Federal Reserve officials expressed concern about inflation and said they would be willing to raise interest rates if prices keep rising.
The minutes from the November session of the committee that sets interest rates for the Fed were released on Wednesday.
The meeting summary shows a lively discussion about inflation, with members stressing the willingness to act if conditions continue to heat up.
If inflation continued to run higher than levels consistent with the Committee's objectives, the Committee should be prepared to adjust the pace of asset purchases and raise the target range for the federal funds rate sooner than participants currently anticipated.
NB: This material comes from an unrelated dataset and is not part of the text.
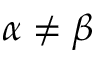<formula> <loc_0><loc_0><loc_500><loc_500>\alpha \neq \beta</formula> 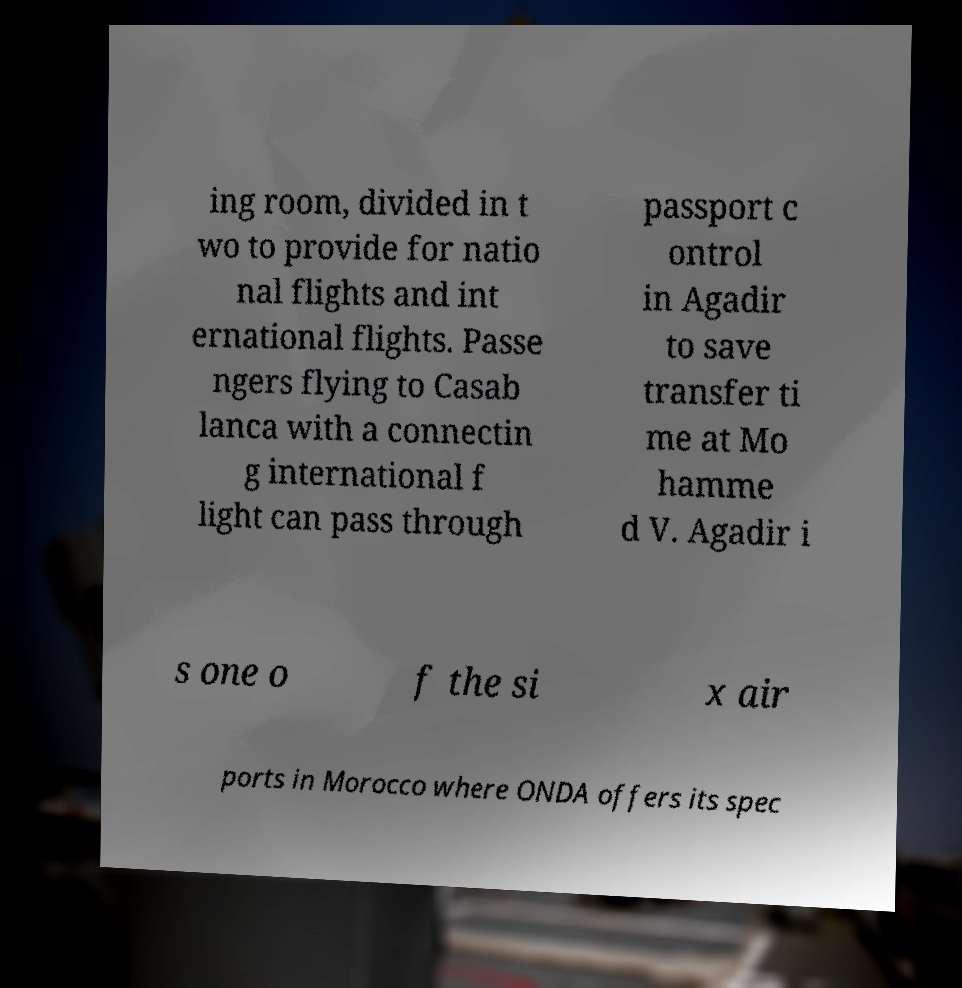I need the written content from this picture converted into text. Can you do that? ing room, divided in t wo to provide for natio nal flights and int ernational flights. Passe ngers flying to Casab lanca with a connectin g international f light can pass through passport c ontrol in Agadir to save transfer ti me at Mo hamme d V. Agadir i s one o f the si x air ports in Morocco where ONDA offers its spec

Inflation has been running at its highest pace in more than 30 years, and officials stressed a patient approach to incoming data.
They said they would not hesitate to take appropriate actions to address inflation pressures that posed risks to its long-run price stability and employment objectives.
The Federal Open Market Committee indicated that it will begin to reduce the monthly bond-buying program that has seen it purchase at least $120 billion in Treasurys and mortgage-backed securities.
The goal of the program was to keep money flowing in those markets while maintaining broader interest rates at low levels.
The House Financial Services Committee is holding a hearing on Capitol Hill on September 30, 2021.
In its statement after the meeting, the committee said that it would allow a reduction in purchases of $10 billion in Treasurys and $5 billion in mortgage backed securities. The schedule is likely to continue until the program ends in the spring or summer of 2022, according to the statement.
The minutes show that some members of the Fed wanted to raise rates sooner.
The minutes said that some participants suggested that the Committee should reduce the pace of net asset purchases by more than 15 billion dollars a month so that they could make adjustments to the target range for the federal funds rate.
Since the November meeting, inflation has gotten even hotter. In previous cycles, the Fed has raised interest rates to cool the economy, but officials have said they are willing to allow inflation to run hotter than normal to let the employment picture improve.
Markets are anticipating a more aggressive Fed.
The Fed will raise its benchmark rate three times in the next five years, according to traders in contracts that bet on the future of short-term rates. The markets can change quickly depending on the signals the Fed sends.
The continued high inflation readings could influence public perception and expectations were becoming less well anchored to the Fed's 2% longer-run target according to the members of the committee.